> Supplied data
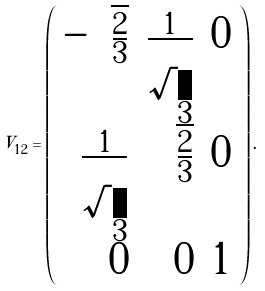Convert formula to latex. <formula><loc_0><loc_0><loc_500><loc_500>V _ { 1 2 } = \left ( \begin{array} { r r r } - \sqrt { \frac { 2 } { 3 } } & { \frac { 1 } { \sqrt { 3 } } } & 0 \\ { \frac { 1 } { \sqrt { 3 } } } & \sqrt { \frac { 2 } { 3 } } & { 0 } \\ { 0 } & { 0 } & { 1 } \end{array} \right ) .</formula> 
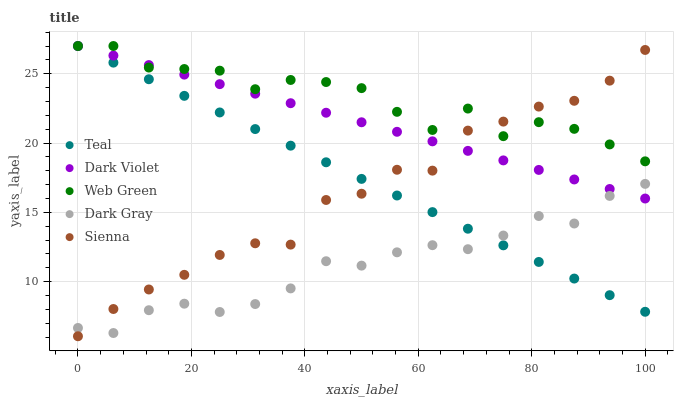Does Dark Gray have the minimum area under the curve?
Answer yes or no. Yes. Does Web Green have the maximum area under the curve?
Answer yes or no. Yes. Does Sienna have the minimum area under the curve?
Answer yes or no. No. Does Sienna have the maximum area under the curve?
Answer yes or no. No. Is Teal the smoothest?
Answer yes or no. Yes. Is Web Green the roughest?
Answer yes or no. Yes. Is Sienna the smoothest?
Answer yes or no. No. Is Sienna the roughest?
Answer yes or no. No. Does Sienna have the lowest value?
Answer yes or no. Yes. Does Web Green have the lowest value?
Answer yes or no. No. Does Teal have the highest value?
Answer yes or no. Yes. Does Sienna have the highest value?
Answer yes or no. No. Is Dark Gray less than Web Green?
Answer yes or no. Yes. Is Web Green greater than Dark Gray?
Answer yes or no. Yes. Does Dark Gray intersect Sienna?
Answer yes or no. Yes. Is Dark Gray less than Sienna?
Answer yes or no. No. Is Dark Gray greater than Sienna?
Answer yes or no. No. Does Dark Gray intersect Web Green?
Answer yes or no. No. 
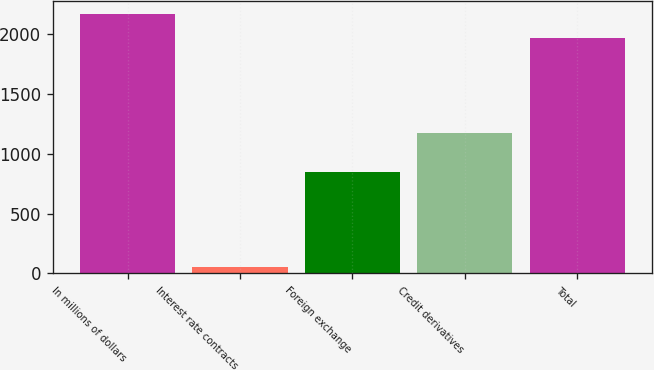Convert chart. <chart><loc_0><loc_0><loc_500><loc_500><bar_chart><fcel>In millions of dollars<fcel>Interest rate contracts<fcel>Foreign exchange<fcel>Credit derivatives<fcel>Total<nl><fcel>2166.5<fcel>51<fcel>847<fcel>1174<fcel>1970<nl></chart> 
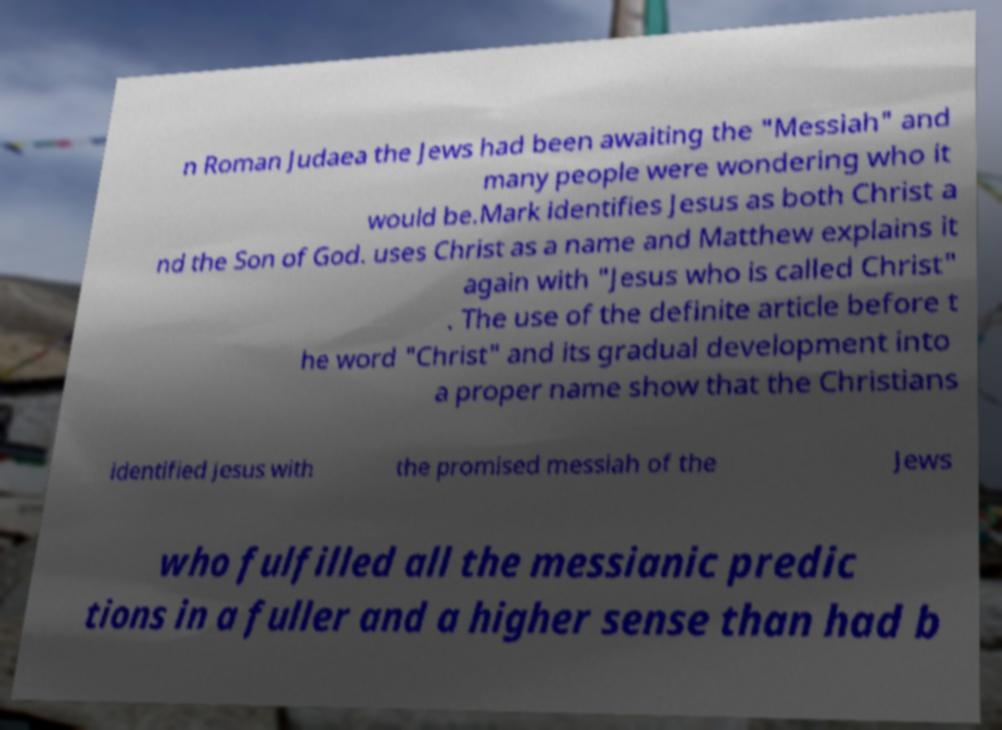Could you extract and type out the text from this image? n Roman Judaea the Jews had been awaiting the "Messiah" and many people were wondering who it would be.Mark identifies Jesus as both Christ a nd the Son of God. uses Christ as a name and Matthew explains it again with "Jesus who is called Christ" . The use of the definite article before t he word "Christ" and its gradual development into a proper name show that the Christians identified Jesus with the promised messiah of the Jews who fulfilled all the messianic predic tions in a fuller and a higher sense than had b

> Action item
Note each line above that contains "maximum" and copy it out.

> Solution to this task
Answer yes or no. Yes. Does Web Green have the maximum area under the curve?
Answer yes or no. No. Does Sienna have the maximum area under the curve?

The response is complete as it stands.